Other evidence being gathered further bolstered the credibility of Chambers's most recent story. Hiss's lawyers found papers typed by Priscilla Hiss during the relevant time period and, with Hiss's approval, turned them over to the FBI. Other specimens were obtained from a private school attended by Timmy Hobson, Priscilla's son and Alger's stepson. The FBI laboratory analyzed them against the documents turned in by Chambers. Their conclusion was that all the papers in question had been typed on the same typewriter. They determined that the typewriter was a Woodstock. About 250 government sleuths were tasked with searching in forty-five different cities for this old typewriter.
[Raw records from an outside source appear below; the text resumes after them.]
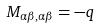<formula> <loc_0><loc_0><loc_500><loc_500>M _ { \alpha \beta , \alpha \beta } = - q</formula> 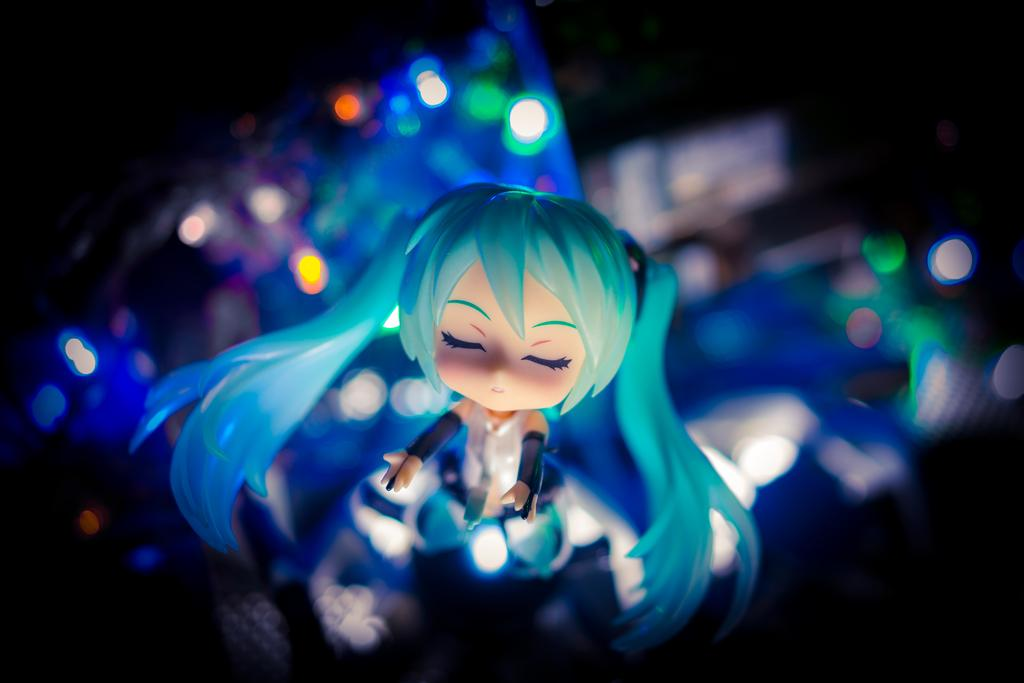What is the main subject in the foreground of the image? There is a toy in the foreground of the image. Can you describe the background of the image? The background of the image is not clear. What type of game is being played in the background of the image? There is no game present in the image, as the background is not clear. Can you describe the journey depicted in the image? There is no journey depicted in the image, as the main subject is a toy in the foreground and the background is not clear. 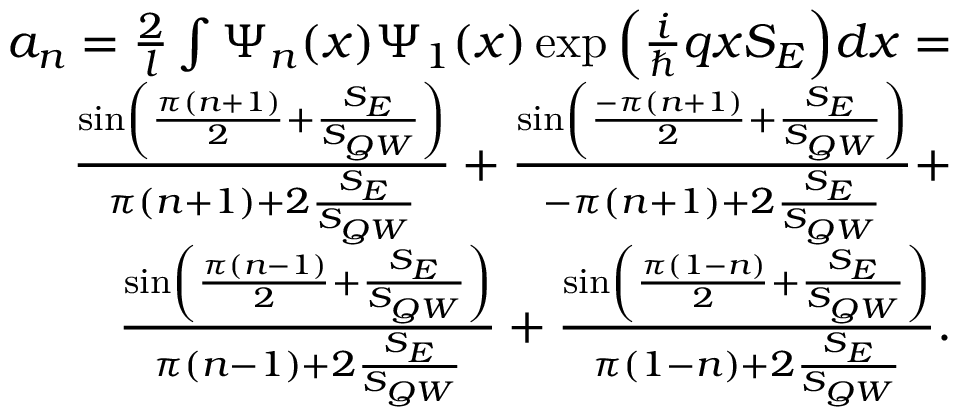Convert formula to latex. <formula><loc_0><loc_0><loc_500><loc_500>\begin{array} { r } { a _ { n } = \frac { 2 } { l } \int \Psi _ { n } ( x ) \Psi _ { 1 } ( x ) \exp { \left ( \frac { i } { } q x S _ { E } \right ) } d x = } \\ { \frac { \sin \left ( \frac { \pi ( n + 1 ) } { 2 } + \frac { S _ { E } } { S _ { Q W } } \right ) } { \pi ( n + 1 ) + 2 \frac { S _ { E } } { S _ { Q W } } } + \frac { \sin \left ( \frac { - \pi ( n + 1 ) } { 2 } + \frac { S _ { E } } { S _ { Q W } } \right ) } { - \pi ( n + 1 ) + 2 \frac { S _ { E } } { S _ { Q W } } } + } \\ { \frac { \sin \left ( \frac { \pi ( n - 1 ) } { 2 } + \frac { S _ { E } } { S _ { Q W } } \right ) } { \pi ( n - 1 ) + 2 \frac { S _ { E } } { S _ { Q W } } } + \frac { \sin \left ( \frac { \pi ( 1 - n ) } { 2 } + \frac { S _ { E } } { S _ { Q W } } \right ) } { \pi ( 1 - n ) + 2 \frac { S _ { E } } { S _ { Q W } } } . } \end{array}</formula>

Even without it, the government believed it had enough evidence to take the case to a grand jury.

However, Chambers's supporters were in a quandary. After all, Alger Hiss might be a perjurer and he might have been a spy. Whittaker Chambers was indubitably a perjurer and had by his own admission and evidence been a spy. Shouldn't he be indicted?
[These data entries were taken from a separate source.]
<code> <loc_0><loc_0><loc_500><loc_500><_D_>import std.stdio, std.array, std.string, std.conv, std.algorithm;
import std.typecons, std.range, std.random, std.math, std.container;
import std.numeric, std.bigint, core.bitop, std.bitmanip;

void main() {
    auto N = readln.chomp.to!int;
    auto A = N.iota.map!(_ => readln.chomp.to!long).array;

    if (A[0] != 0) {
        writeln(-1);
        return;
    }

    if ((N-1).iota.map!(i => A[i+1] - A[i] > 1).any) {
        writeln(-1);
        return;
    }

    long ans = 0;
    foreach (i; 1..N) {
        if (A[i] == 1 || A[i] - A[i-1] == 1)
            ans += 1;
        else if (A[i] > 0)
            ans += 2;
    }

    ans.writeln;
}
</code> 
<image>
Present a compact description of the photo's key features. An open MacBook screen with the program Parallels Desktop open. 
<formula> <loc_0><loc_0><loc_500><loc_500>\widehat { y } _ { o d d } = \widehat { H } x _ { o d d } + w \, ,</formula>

If he were, the case against Hiss would fall apart. For how could Hiss be tried for perjury if the chief witness against him was a convicted perjurer? The prosecutors were persuaded to seek indictments only against Hiss. Chambers after all, was penitent and cooperative while Hiss might still be a threat to the United States.

During this time of turmoil, the Chambers family suffered a terrible tragedy that was not directly related to Whittaker's political and criminal history but added immeasurably to their burdens nonetheless. Esther Chambers was driving when a 70-year-old deaf woman stepped directly out in front of Esther's car from between two parked cars. Mrs. Chambers was booked for manslaughter and reckless driving and was sued by the dead woman's family. Eventually, she was acquitted and the suit settled out of court, but Esther Chambers was terribly traumatized by the accident and her husband shared in her psychological agony. He wrote: "To my wife and me, this tragic episode seemed proof that there was no depth of the abyss that we were not to sound."

The grand jury returned two indictments against Hiss, one for saying he had not stolen State Department documents and the other for denying he saw Chambers after 1935. It went unsaid but everyone knew that the charge of perjury was really a cover for the charge that could no longer be brought because of the statute of limitations espionage. Although he would be tried for perjury, the black cloud of treason hung over Hiss's handsome head.